Glockengeläut über Melchow

Melchow (bey) Es ist vollbracht: Nach mehr als fünfhundert Jahren läutet nun wieder eine Kirchenglocke über Melchow. Bei einem feierlichen Gottesdienst wurde am Sonntagnachmittag die Glocke im neuen Turm eingeweiht.

Der Blick von unten zeigt die Konstruktion des neuen Glockenturmes von Melchow, die Wilhelm Hanning vom Gemeindekirchenrat erläutert.
© Wolfgang Rakitin

"Ich empfinde große Freude, bin aber auch erleichtert, dass dieses lang ersehnte Projekt nun Wirklichkeit wurde", sagte Pfarrer Christoph Strauß während des Festgottesdienstes. Viele Einheimische, aber auch Gäste aus Nachbardörfern und Gemeinden sowie Vertreter von Behörden, Bauausführende, Förderer und Spender waren nach Melchow gekommen.

"Ich fühle mich wie neugeboren, es ist ein wunderbares Gefühl, diesen herrlichen Klang zu hören", sagte Vera Wolff, die seit 57 Jahren in dem Dorf lebt und wie viele andere den großen Wunsch nach einem eigenen Glockenturm hatte.

Den Anstoß für das ehrgeizige Vorhaben gaben Einheimische. Sie fanden vor mehr als vier Jahren in Pfarrer Frank Städler, der inzwischen einer anderen Gemeinde vorsteht, einen begeisterten Partner. "Bei allem Zweifeln war mir allerdings von Anfang an klar, wir brauchen unser Licht auf keinen Fall unter den Scheffel zu stellen und können ein solches Projekt auf die Beine stellen", erinnerte er am Sonntag noch einmal an den Beginn einer langen Vorbereitungszeit.

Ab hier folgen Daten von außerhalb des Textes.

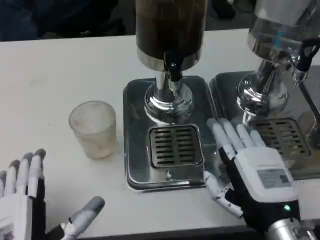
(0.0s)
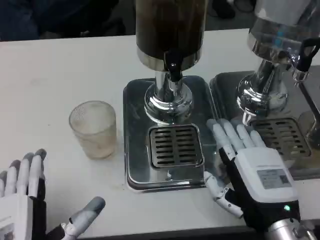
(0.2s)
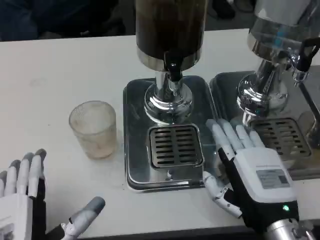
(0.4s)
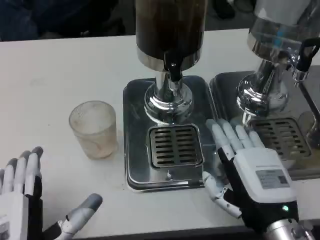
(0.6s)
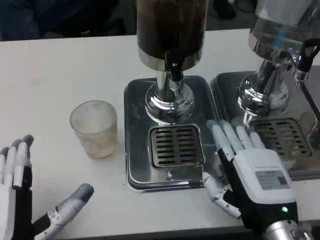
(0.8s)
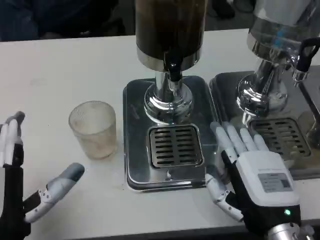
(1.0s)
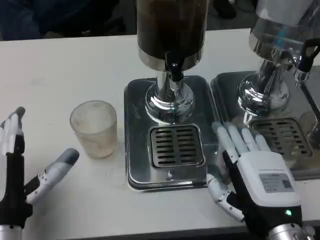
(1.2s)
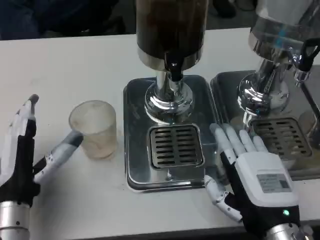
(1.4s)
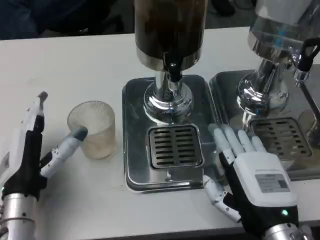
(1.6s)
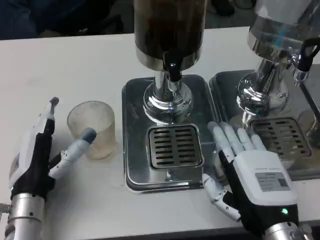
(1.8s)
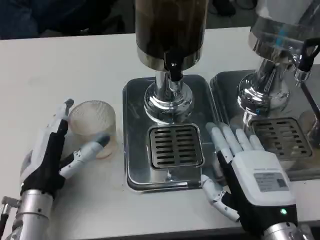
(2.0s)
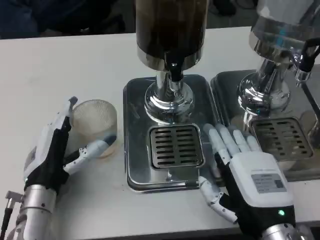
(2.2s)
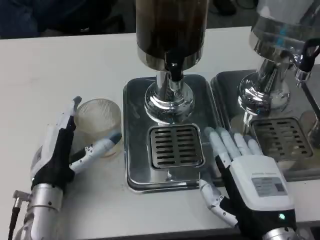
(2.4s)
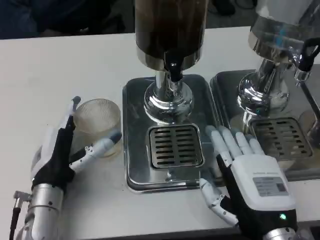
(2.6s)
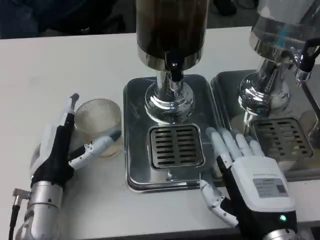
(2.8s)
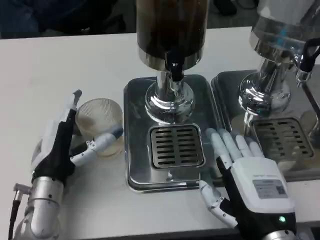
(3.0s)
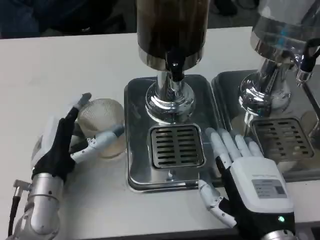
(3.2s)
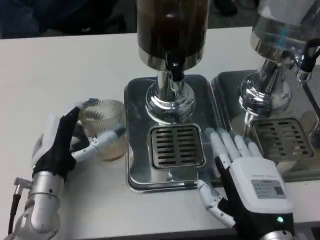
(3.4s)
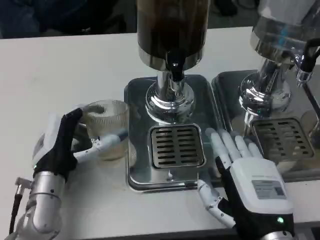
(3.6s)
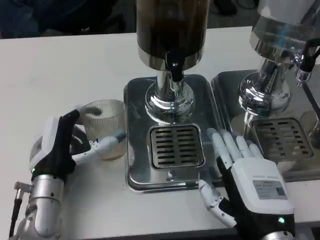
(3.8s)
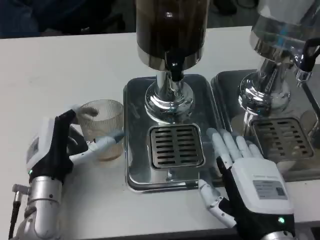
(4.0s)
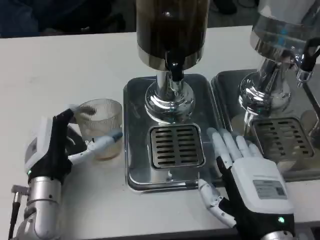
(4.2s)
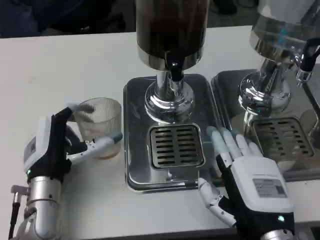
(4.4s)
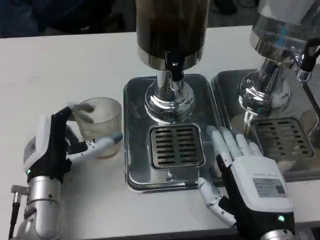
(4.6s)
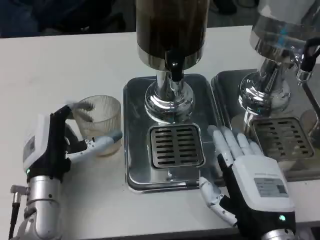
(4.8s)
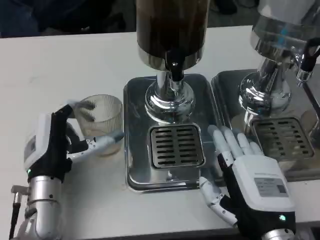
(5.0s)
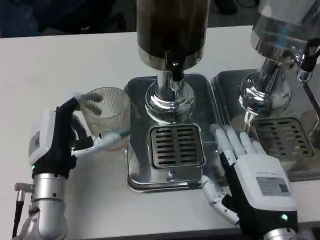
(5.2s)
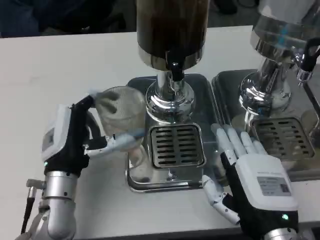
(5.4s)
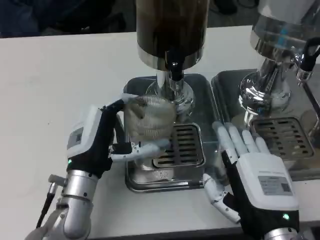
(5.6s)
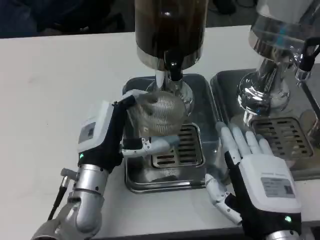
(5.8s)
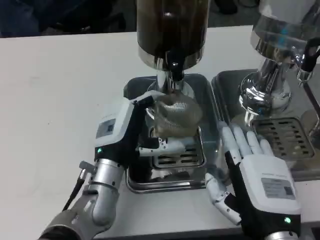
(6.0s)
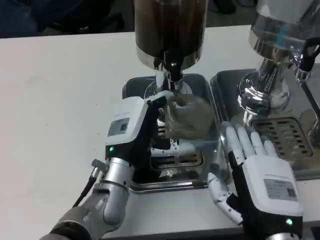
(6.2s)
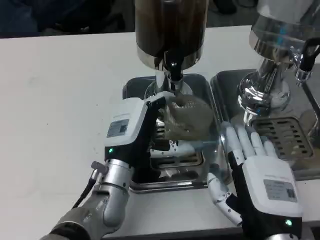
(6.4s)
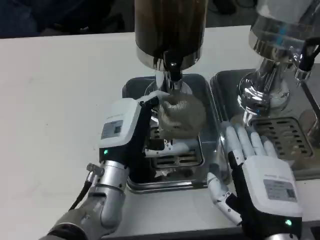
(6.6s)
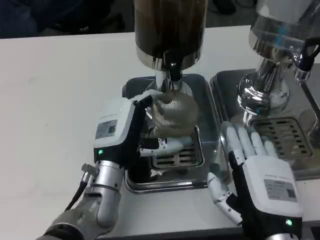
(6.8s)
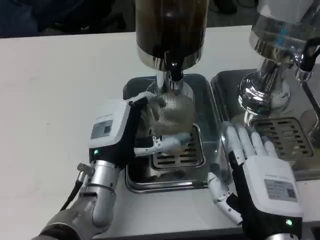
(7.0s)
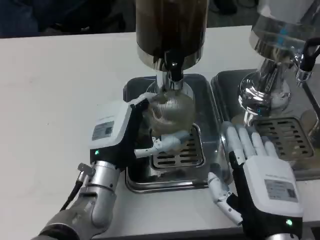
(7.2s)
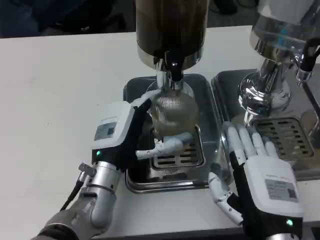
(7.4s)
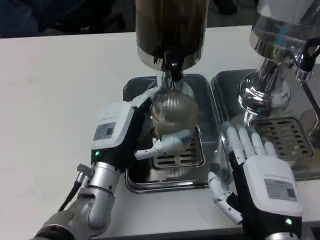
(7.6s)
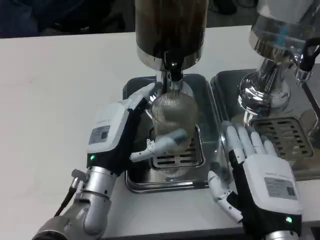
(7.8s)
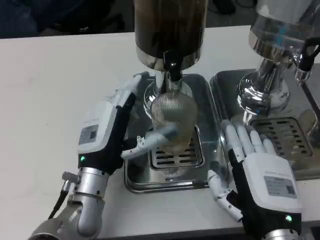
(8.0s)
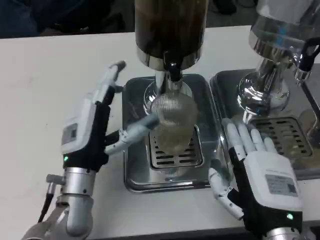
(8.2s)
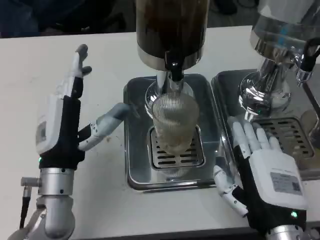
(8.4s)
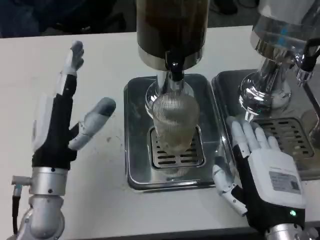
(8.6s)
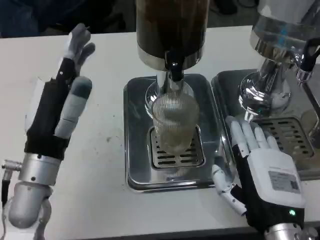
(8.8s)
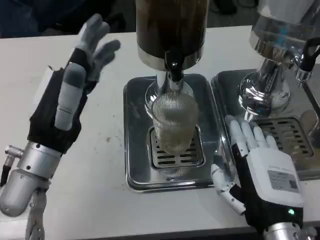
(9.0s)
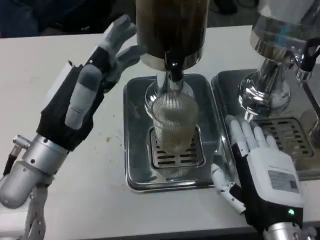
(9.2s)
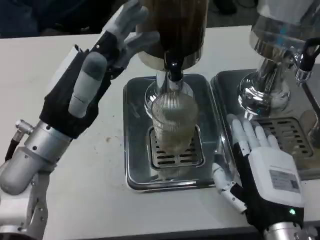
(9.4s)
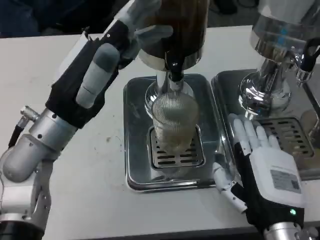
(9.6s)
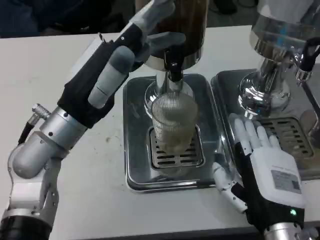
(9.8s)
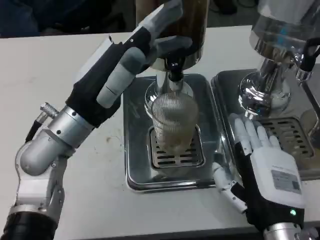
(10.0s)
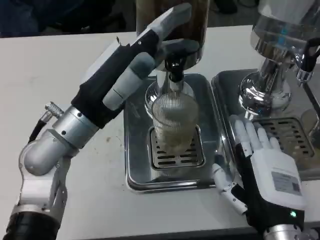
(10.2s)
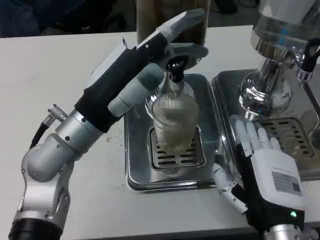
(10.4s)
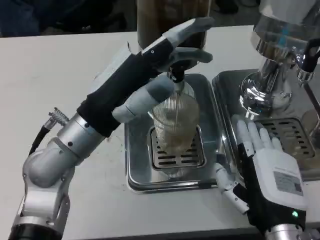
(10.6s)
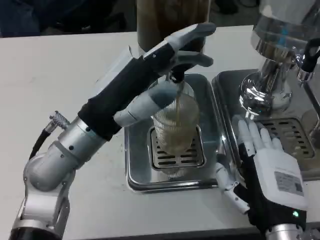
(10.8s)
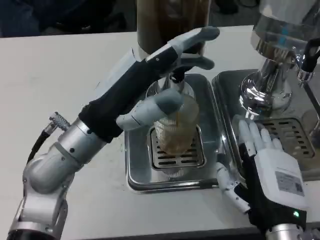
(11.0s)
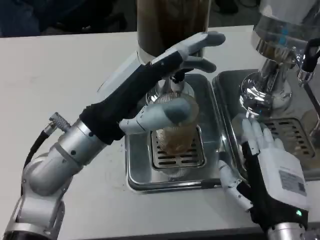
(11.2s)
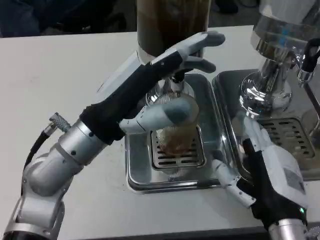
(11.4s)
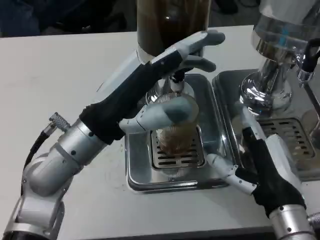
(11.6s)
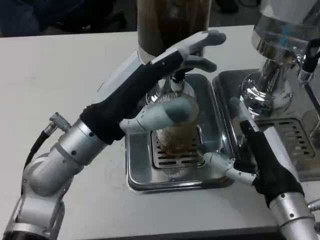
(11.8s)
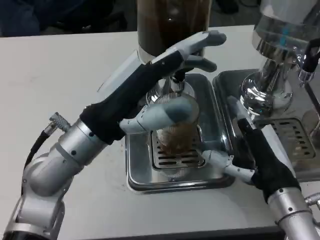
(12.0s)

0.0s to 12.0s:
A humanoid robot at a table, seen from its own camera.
Task of the whole recording: Grasp the cup under the faucet to collect the drink, then remove the cup.
0.0s to 1.6s: The left hand shifts about 10 cm forward.
3.0s to 4.4s: The hands move only a little.
4.4s to 6.0s: The left hand is displaced to the right by approximately 10 cm.
6.0s to 7.6s: The hands make only small movements.
7.6s to 9.0s: The left hand shifts some 10 cm to the left and upward.
9.0s to 10.4s: The left hand ends up about 5 cm from where it was.
10.4s to 12.0s: The right hand travels forward by some 5 cm.

Zur Umsetzung wurde schließlich der Förderverein Glockenturm gegründet, dessen Mitglieder nicht nur auf erfolgreiche Spendensuche gingen, sondern auch unzählige Gespräche mit Behörden führten. Als Sieger des initiierten Wettbewerbes ging das Büro Sauer Architekten aus Berlin hervor. Die Fachleute entwarfen den etwa acht Meter hohen Baukörper, der aus einer besonderen Stahlkonstruktion besteht. "Der sogenannte Cortenstahl verfügt über einen hohen Kupferanteil und wird sich in ungefähr drei Monaten dunkelbraun-rot verfärbt haben", kündigt der Architekt Hannes Sauer an. Diese spezielle Rostschicht schützt das Material vor weiterer Korrosion.

Rund 70000 Euro kostete der Bau des Glockenturms. "Der größte Teil des Geldes kommt aus dem Kirchenkreis, die Gemeinde Melchow spendierte beispielsweise 15000 Euro", berichtet der Vorsitzende des Fördervereins, Frank Waschkowski. In den kommenden Jahren muss die Kirche aber ein Darlehen zurückzahlen.

Melchows Bürgermeister Wolfgang Lindt äußerte während des Festgottesdienstes den Wunsch, "dass das Glockengeläut dazu beiträgt, den Zusammenhalt der Bürger zu stärken."

Wie berichtet, wurde vermutlich beim Hussiten-Feldzug der alte Dorfkern zerstört. Als in den 1920/30er-Jahren ein Stall zur neuen Kirche umgebaut wurde, fehlte Geld für Turm und Glocke. 2009 konnte die Melchower Kirchengemeinde die Wartburgheim-Glocke aus Eberswalde erwerben. Die wurde dann auf ein Gestell in die Kirche "gesetzt".